Pub Date: Aug. 3rd, 1981
Publisher: St. Martin's

The ""realities"" are those that cling to the life of 32-year-old Jennifer Weaver: mothering two children, maintaining a job at a geriatric-care facility, and making a new life in California for herself after the suicide back East of accountant husband Richard (he was despondent over crumbling personal Finances). Raising the kids--Catherine is a perfectionist, Matthew's a stutterer--is hard, with constant and unprovided-for daily trials; when Matthew wins a thousand dollars from a supermarket-sponsored TV racing game, for instance, Jennifer must climb down off the moral high ground of her disapproval of such games, claiming the winning ticket as her own so that the boy can get his dough. Likewise, when Jennifer is shyster-ishly hustled by a car dealer, she finds herself way out of character but determined to get revenge (by custom-made bumper-sticker, it so happens). Managing her first affair, visits from stern Mother: this is Jennifer's life.

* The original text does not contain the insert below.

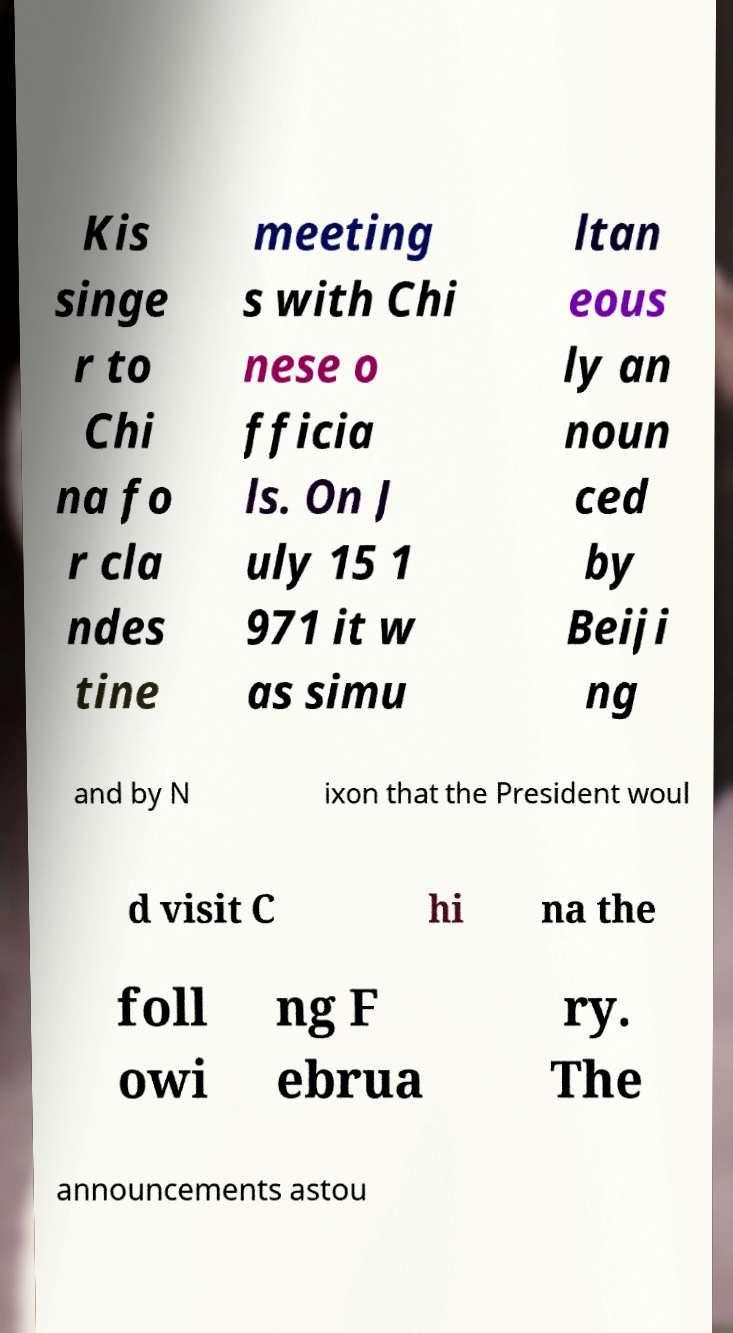There's text embedded in this image that I need extracted. Can you transcribe it verbatim? Kis singe r to Chi na fo r cla ndes tine meeting s with Chi nese o fficia ls. On J uly 15 1 971 it w as simu ltan eous ly an noun ced by Beiji ng and by N ixon that the President woul d visit C hi na the foll owi ng F ebrua ry. The announcements astou 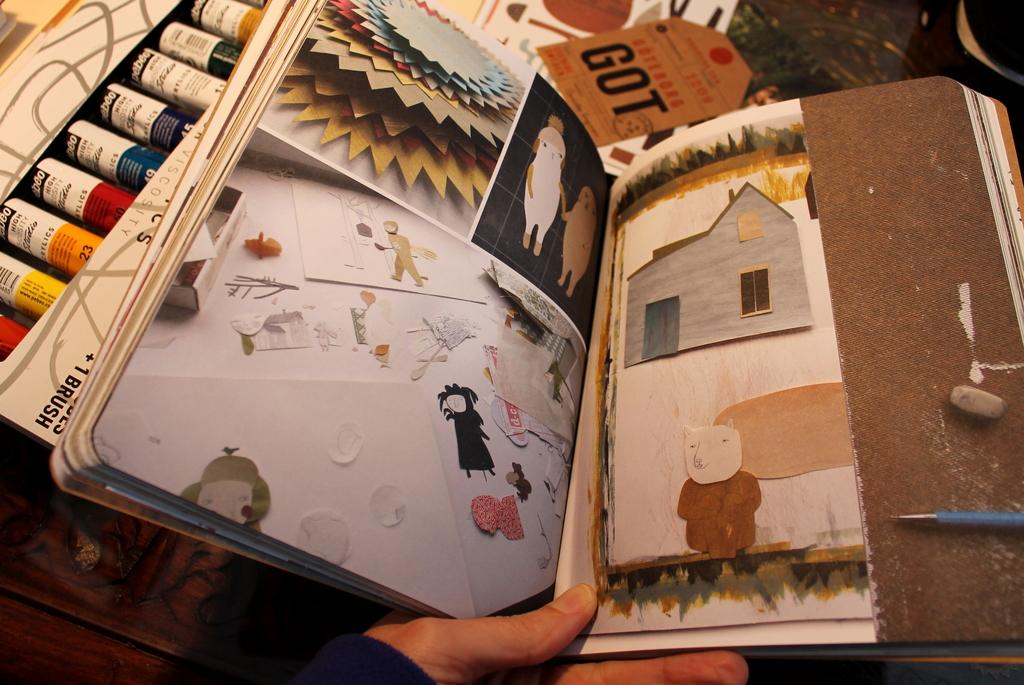<image>
Give a short and clear explanation of the subsequent image. A scrapbook is decorated with a hodgepodge of images, including a tag with GOT on it.

Yet except for a compelling, quite touching scene toward the end--when Jennifer, mostly out of mercy, tells the terribly confused Matthew how his father actually died--Schwartz's first novel remains earnest and rather dull, with none of the vivid specifics or narrative artistry of David Madden's comparable The Suicide's Wife. Some readers will certainly identify with the familiar woman-going-it-alone situations; otherwise, however, an admirably unpretentious but mostly undistinguished debut.